I think I may have given you the image of my mental health being like a wave.  At the moment I’m going back down.  People try to practice gratitude for everything as a way of ‘curing’ depression as if it were a rather fine ham for the Christmas table.  Well not me.  I should be happy.  I’m on holiday in 2 and a half days’ time for two weeks.  I should be happy, but I’m not.  I have a loving family.  I should be happy, but I’m not.  I have a roof over my head, and my family wants for nothing.  I should be happy, but I’m not.  When I think back to the ‘actual’ Christmas where Joseph was carrying his pregnant wife to Bethlehem, and couldn’t find a place to stay.  Air BnB hadn’t been invented, and he shouldn’t have been happy, but he was.  There was joy in his heart.  I should be grateful for all I have, and yet…

I have food from home.  The kind of stuff I can’t get over here, and I should be happy, but I’m not.  It’s awful.  Yeah, I forgot the Bisto for the Christmas dinner, you useless fool.  You have so much to be thankful for, and because you’re an ungrateful little shit, you feel even more guilty.  I can’t go to mass.  Last year I could and did.  I went to the Cathedral in Nantes and remember crying with joy at hearing the beautiful music from the organ.  I remember feeling physically moved and the music just passed right through me.  But not this year.  A Rawandan immigrant had been refused a residency permit, and the Bishop though he would employ the man as a janitor, and the guy who would lock the place up every evening.  The guy got rather upset about getting kicked out of the country and decided that he would burn the place down.  That beautiful 400 year old organ is no longer there and it breaks my heart.   There’s an article about that somewhere here.

That was last year.  This year is slightly different.  This year we discovered a virus, named after a light beer, and then the aforementioned beer producer found an other name that wouldn’t hurt its brand.  I present COVID 19.  A crappy name with an unobvious prime number.   We found out what it was like to be under house arrest, I mean lockdown.  We were told not to touch people and avoid people.  An introvert’s dream you might say, but I still maintain that we are a social animal, and when you take that away, we suffer mental health consequences.  Then they decided that, “oh shit, the economy is going down the drain, so you all have to go back to work, but have to wear shitty masks that you will end up becoming allergic too, whilst looking as if you have a speedo on your face, and when you beard pokes through, it looks as if you have pubic hair that needs clipping.”  You are not allowed to congregate at the coffee machine, and not allowed to stand next to eachother.

Then Summer came along, and the government said you can all go off on holiday, and so it seemed that the virus had done the same.  People felt as if the phoney war had ended and that it would all be over by Christmas.  I still can’t remember what I did this Summer.  Not because of Covid, but my brain just went on strike.  I know I got some good photos, and apparently, I went to Paris, but it’s all a blur, and I’m not talking about the band from the Nineties!

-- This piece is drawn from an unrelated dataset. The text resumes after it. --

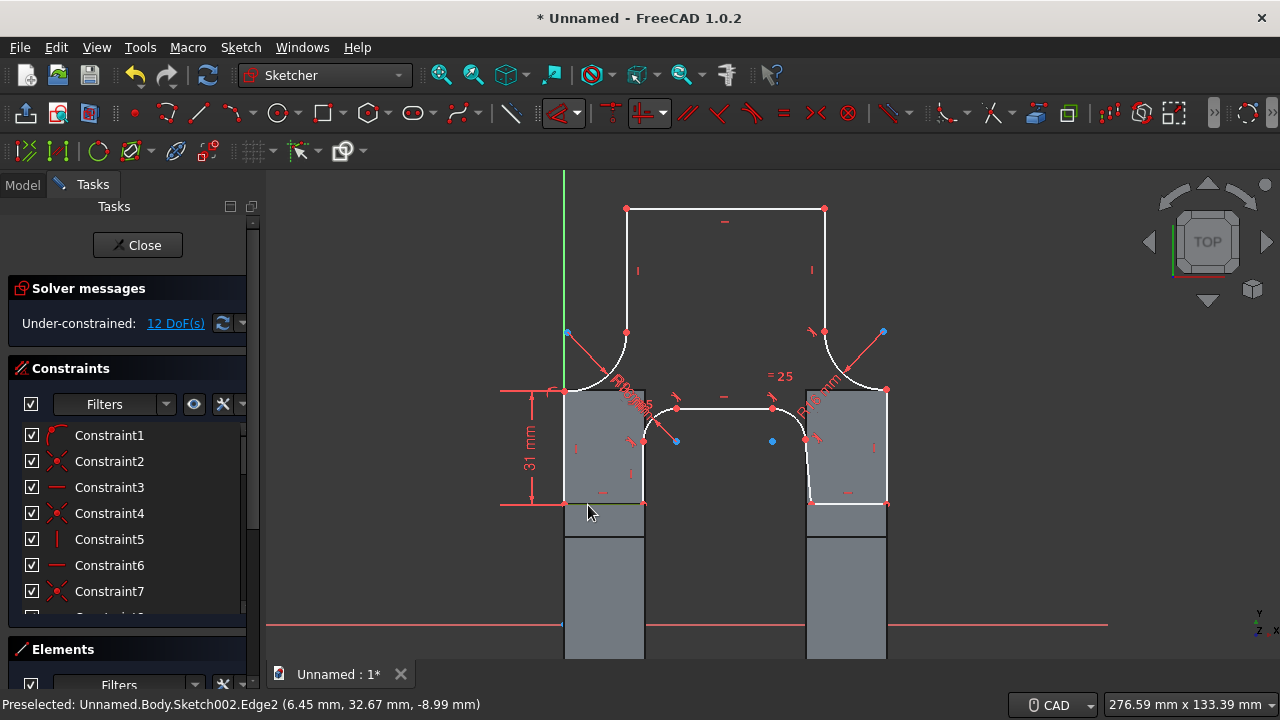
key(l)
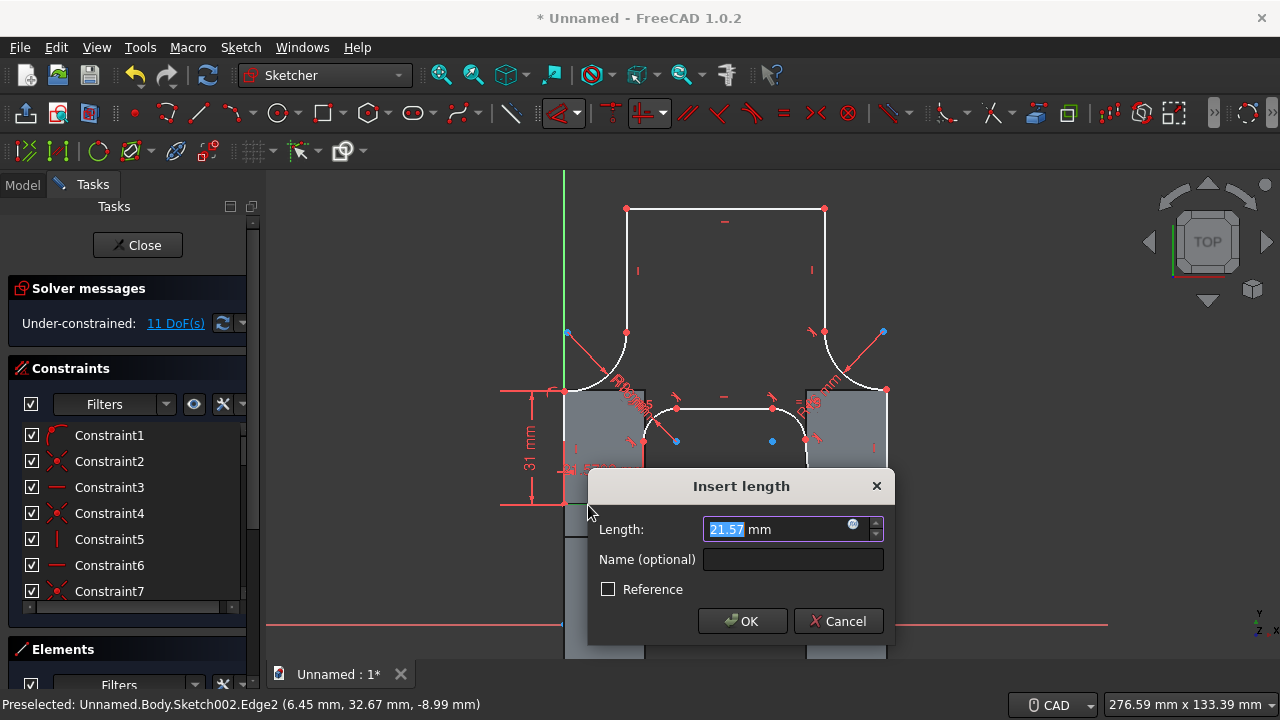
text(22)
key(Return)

We could even go to the pub.  Then they said, that you still had to wear masks, but as soon as you sat down you could take them off etc.  This Covid Prime can’t infect you if you’re sitting down, having a pint and financially supporting the Guinness family!  Height restrictions and all that.  They had to move tables further apart, and then the Government said you had to close at 10pm and take a register of clients, with their phone numbers.  This was of course done, and then the G man said, well, you’re going to have to close anyway.  We’re going to launch the sequel to Lockdown, to be known as Lockdown II, the Sequel, not coming to cinemas near you because they’re shut too!  But for all those people not working in offices, you can still go into work but you have to come home straight away afterwards and you can’t meet up with your friends, etc..

Then they said OK we’ve finished messing with you.  Lockdown II is over.  Yayyyy, I can go out where the heck I like and don’t have to have a piece of paper saying where I’m going.  I can go to anywhere in the country I like.  I still can’t eat out of have a drink, or do anything remotely cultural, oh and the twist is that I have to be back home by 20h and can’t go out before 6h.  Bastards!

In other news recently in, a vaccine has been discovered.  Hang on, no that’s not right.  Three vaccines have been discovered.  The Chinese and Russians even have one, but they don’t count apparently on the news.  Not only have they been tested, but they have been approved!  But you can’t have one you fat slob.  Stop eating, and exercise, and loose weight!  You’re way down the priority list.  Nope, they’re for care workers, old dying people, the older people who aren’t dying yet, and then slightly less old people that aren’t dying, but not dead yet, and so on.  If you’re already dead, then you’re not eligible, oops…  #toolatemotherfucker  It’s either a very sick joke or somebody, somewhere, knows something.  And what is Bill Gates going to gain by being able to remotely control old people from a distance anyway?  Are they going to get uppity and rebel when the tea trolley doen’t have any more Chocolate digestives?  Other digestives are available, just not for the old people!  They’re probably going to go strike and die just out of spite.  We went through the war etc!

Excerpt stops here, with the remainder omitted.